(鈴木立哉:訳/野田 稔:解説 翔泳社 2014年4月)
米国の大手自然食品スーパー「ホールフーズ・マーケット」の経営者が、自らが30年以上にわたって実践し成功を収めている経営スタイル「意識の高い資本主義」(コンシャス・キャピタリズム)を紹介した本です。
本書の目的は「意識の高い企業」(コンシャス・カンパニー)の誕生を促すことにあるといい、コンシャス・カンパニーとは、①主要ステークホルダー全員と同じ立場に立ち、全員の利益のために奉仕するという高い志に駆り立てられ、②自社の目的、関わる人々、そして地球に奉仕するという意識の高いリーダー(コンシャス・リーダー)を頂き、③そこで働くことが大きな喜びや達成感の源になるような活発で思いやりのある文化に根差している会社のことである――とのことです。こう書くと漠然とした理想論のように思われるかもしれませんが、内容および理論構成はしっかりしているように思いました。
序章(第1章・第2章)でコンシャス・キャピタリズムの四つの柱を示し、続く第一部から第四部で、その一つずつを丁寧に解説しています。また、その中で、ホールフーズと同様、すべてのステークホルダーに愛されながら富と幸福をつくり出しているコンシャス・カンパニーとしてイケア、コストコ、サウスウエスト航空、スターバックス、タタ、トヨタ、パタゴニアなど多くの企業例を取り上げており、これからの企業のあるべき姿の提案として説得力のあるものとなっています。
第一部(第3章・第4章)では、コンシャス・キャピタリズムの四つの柱のうちの第一の柱「企業の存在目的」について、目的を持つことがなぜ重要なのかを説明し、第二部(第5~第12章)では、第二の柱「ステークホルダーの統合」について、顧客、社員、投資家、サプライヤー、コミュニティなどさまざまなステークホルダーを取り上げて、コンシャス・カンパニーがそれぞれをどう捉えているかを考察しています。
第三部(第13・第14章)では、第三の柱「コンシャス・リーダーシップ」について、コンシャス・リーダーの資質と育成方法を解説し、第四部(第15章~18章)では、四つ目の柱である「コンシャス・カルチャーとコンシャス・マネジメント」――意識の高い企業文化と意識の高い経営を論じています。また、コンシャス・カンパニーになる方法や、コンシャス・キャピタリズムの美と力について述べています。

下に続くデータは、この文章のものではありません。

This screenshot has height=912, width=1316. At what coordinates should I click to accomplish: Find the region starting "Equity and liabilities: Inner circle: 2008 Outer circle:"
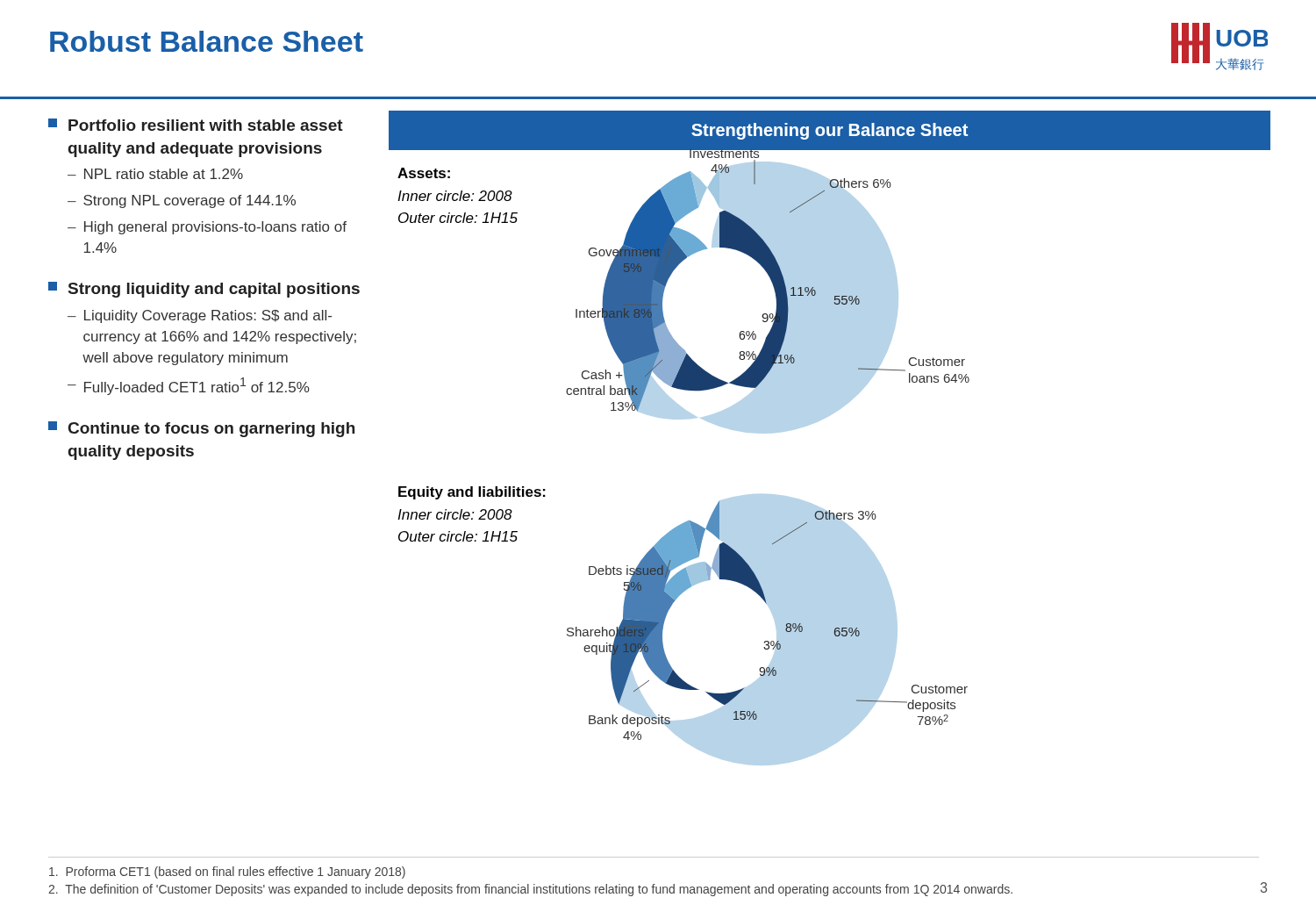[472, 514]

ミルトン・フリードマンの「顧客、従業員、企業の慈善活動に気を配ることは投資家の利益を増やすための手段だ」との考えに対し、「利益を上げることは企業の最も重要な使命を実現するための手段にすぎない」とのアンチテーゼを掲げるところからスタートし、「あらゆる企業が存在目的を意識して活動し、すべてのステークホルダーの利益を統合し、コンシャス・リーダーを育てて登用し、信頼と説明責任、思いやりの文化を築き上げること」がコンシャス・キャピタリズムについての自分たちの夢である――という言葉で終わる本書は、資本主義社会における新たな企業の在り方が問われる今日において、啓発度の高い良書であるように思いました。読みやすい本でもあり、一読をお勧めします。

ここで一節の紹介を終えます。